- DIRECTIONS:
Search the entries below for the word "pitch" and copy every line where it appears.

Records contained in a dataset

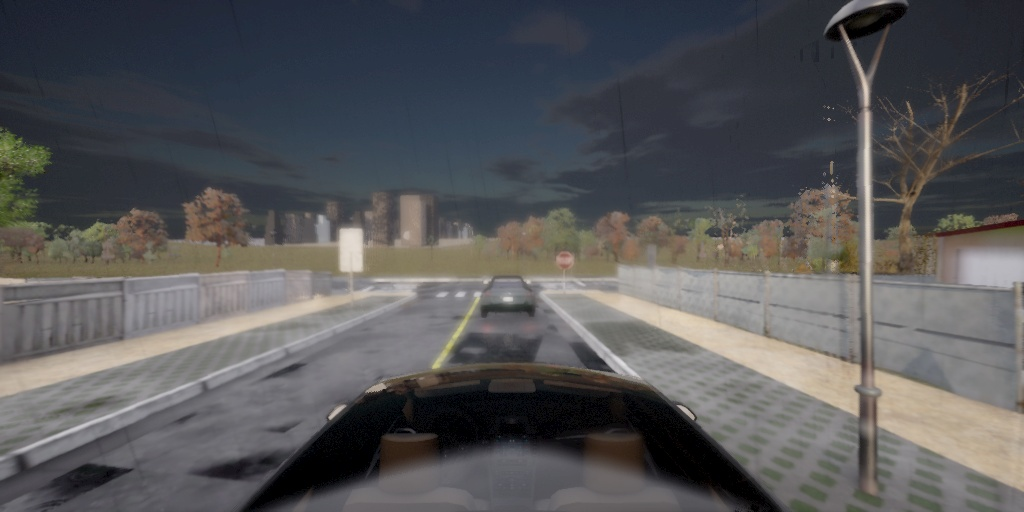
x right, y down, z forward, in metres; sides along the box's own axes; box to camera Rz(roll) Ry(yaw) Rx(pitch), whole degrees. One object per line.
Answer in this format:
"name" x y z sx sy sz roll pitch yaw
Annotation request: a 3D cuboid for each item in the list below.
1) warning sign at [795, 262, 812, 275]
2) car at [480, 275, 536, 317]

- ANSWER:
x right, y down, z forward, in metres; sides along the box's own axes; box to camera Rz(roll) Ry(yaw) Rx(pitch), whole degrees. One object per line.
"name" x y z sx sy sz roll pitch yaw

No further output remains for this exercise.